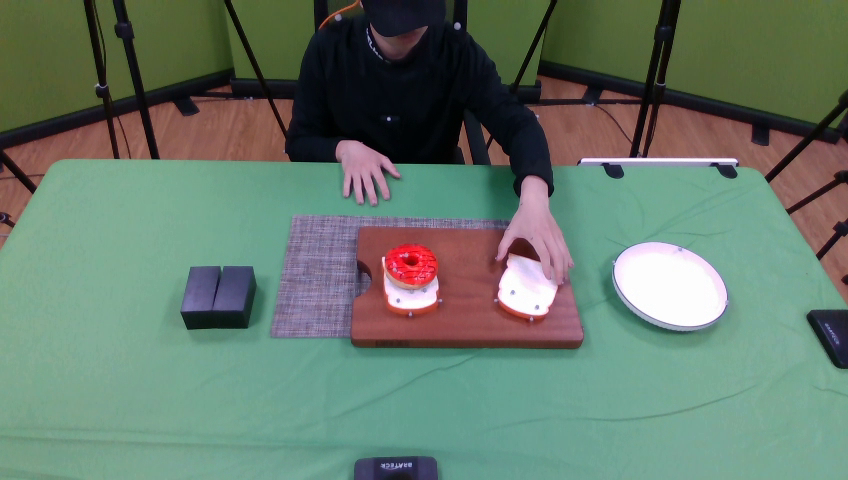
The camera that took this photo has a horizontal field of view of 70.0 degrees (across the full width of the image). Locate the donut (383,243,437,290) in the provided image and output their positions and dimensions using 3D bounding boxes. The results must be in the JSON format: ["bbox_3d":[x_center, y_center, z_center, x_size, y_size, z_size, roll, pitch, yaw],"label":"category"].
[{"bbox_3d":[-0.025,0.047,1.076,0.099,0.048,0.098,4,45,-4],"label":"donut"}]

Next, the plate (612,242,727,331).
[{"bbox_3d":[0.455,0.090,1.138,0.209,0.038,0.208,3,45,-2],"label":"plate"}]

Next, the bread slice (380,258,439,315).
[{"bbox_3d":[-0.024,0.079,1.087,0.105,0.019,0.130,-2,45,-5],"label":"bread slice"}]

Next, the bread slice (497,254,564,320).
[{"bbox_3d":[0.189,0.087,1.095,0.107,0.018,0.134,15,46,10],"label":"bread slice"}]
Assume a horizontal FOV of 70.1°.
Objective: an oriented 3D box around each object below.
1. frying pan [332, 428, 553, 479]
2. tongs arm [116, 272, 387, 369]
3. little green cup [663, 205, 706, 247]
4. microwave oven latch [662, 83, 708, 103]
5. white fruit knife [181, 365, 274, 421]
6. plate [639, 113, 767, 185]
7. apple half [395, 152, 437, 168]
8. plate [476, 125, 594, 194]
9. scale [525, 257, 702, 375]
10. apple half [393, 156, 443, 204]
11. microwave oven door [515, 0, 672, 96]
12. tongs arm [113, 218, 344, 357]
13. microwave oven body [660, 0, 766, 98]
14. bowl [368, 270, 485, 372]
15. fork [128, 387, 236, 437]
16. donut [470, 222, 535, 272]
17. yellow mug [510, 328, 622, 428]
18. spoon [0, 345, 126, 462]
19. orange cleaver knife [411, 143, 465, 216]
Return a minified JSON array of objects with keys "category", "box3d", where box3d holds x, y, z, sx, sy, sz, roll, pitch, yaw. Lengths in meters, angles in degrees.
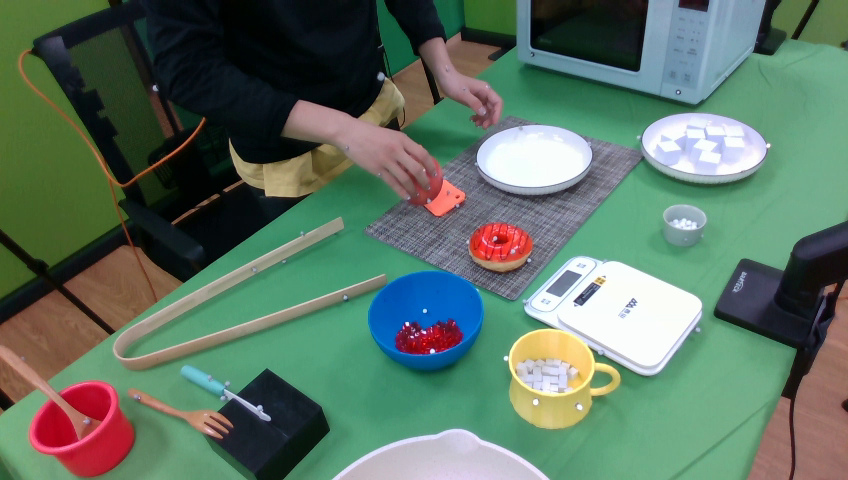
[{"category":"frying pan","box3d":[-0.089,0.306,0.564,0.487,0.103,0.306,10,41,7]},{"category":"tongs arm","box3d":[-0.237,0.113,0.868,0.389,0.028,0.028,-18,48,-13]},{"category":"little green cup","box3d":[0.396,-0.021,0.927,0.061,0.039,0.061,-4,40,4]},{"category":"microwave oven latch","box3d":[0.518,-0.296,1.204,0.078,0.029,0.030,28,52,35]},{"category":"white fruit knife","box3d":[-0.245,0.187,0.747,0.205,0.027,0.016,9,41,40]},{"category":"plate","box3d":[0.489,-0.157,1.074,0.207,0.039,0.206,-4,40,4]},{"category":"apple half","box3d":[-0.015,-0.117,1.006,0.081,0.081,0.032,-14,48,-7]},{"category":"plate","box3d":[0.199,-0.141,1.093,0.209,0.038,0.208,-4,40,4]},{"category":"scale","box3d":[0.254,0.091,0.821,0.199,0.032,0.149,28,51,35]},{"category":"apple half","box3d":[-0.006,-0.091,0.980,0.081,0.075,0.053,-12,48,-11]},{"category":"microwave oven door","box3d":[0.343,-0.454,1.259,0.353,0.245,0.039,26,51,33]},{"category":"tongs arm","box3d":[-0.280,0.066,0.926,0.386,0.026,0.050,-28,48,-23]},{"category":"microwave oven body","box3d":[0.472,-0.513,1.317,0.438,0.261,0.327,26,51,34]},{"category":"bowl","box3d":[0.007,0.118,0.791,0.151,0.077,0.150,-4,40,4]},{"category":"fork","box3d":[-0.305,0.207,0.744,0.206,0.019,0.028,3,41,36]},{"category":"donut","box3d":[0.119,0.009,0.923,0.099,0.048,0.098,-4,38,3]},{"category":"yellow mug","box3d":[0.169,0.164,0.722,0.130,0.064,0.099,0,41,8]},{"category":"spoon","box3d":[-0.434,0.192,0.720,0.194,0.021,0.042,47,54,-7]},{"category":"orange cleaver knife","box3d":[0.005,-0.113,1.102,0.077,0.012,0.209,-23,45,-10]}]

REQUIRED WORK
Your answer should contain only the lines from the beginning of the listing above through the line with "19. orange cleaver knife [411, 143, 465, 216]", copied exactly and without the pictures.

TASK OUTPUT
The camera that took this photo has a horizontal field of view of 70.0 degrees (across the full width of the image). Locate the donut (383,243,437,290) in the provided image and output their positions and dimensions using 3D bounding boxes. The results must be in the JSON format: ["bbox_3d":[x_center, y_center, z_center, x_size, y_size, z_size, roll, pitch, yaw],"label":"category"].
[{"bbox_3d":[-0.025,0.047,1.076,0.099,0.048,0.098,4,45,-4],"label":"donut"}]

Next, the plate (612,242,727,331).
[{"bbox_3d":[0.455,0.090,1.138,0.209,0.038,0.208,3,45,-2],"label":"plate"}]

Next, the bread slice (380,258,439,315).
[{"bbox_3d":[-0.024,0.079,1.087,0.105,0.019,0.130,-2,45,-5],"label":"bread slice"}]

Next, the bread slice (497,254,564,320).
[{"bbox_3d":[0.189,0.087,1.095,0.107,0.018,0.134,15,46,10],"label":"bread slice"}]
Assume a horizontal FOV of 70.1°.
Objective: an oriented 3D box around each object below.
1. frying pan [332, 428, 553, 479]
2. tongs arm [116, 272, 387, 369]
3. little green cup [663, 205, 706, 247]
4. microwave oven latch [662, 83, 708, 103]
5. white fruit knife [181, 365, 274, 421]
6. plate [639, 113, 767, 185]
7. apple half [395, 152, 437, 168]
8. plate [476, 125, 594, 194]
9. scale [525, 257, 702, 375]
10. apple half [393, 156, 443, 204]
11. microwave oven door [515, 0, 672, 96]
12. tongs arm [113, 218, 344, 357]
13. microwave oven body [660, 0, 766, 98]
14. bowl [368, 270, 485, 372]
15. fork [128, 387, 236, 437]
16. donut [470, 222, 535, 272]
17. yellow mug [510, 328, 622, 428]
18. spoon [0, 345, 126, 462]
19. orange cleaver knife [411, 143, 465, 216]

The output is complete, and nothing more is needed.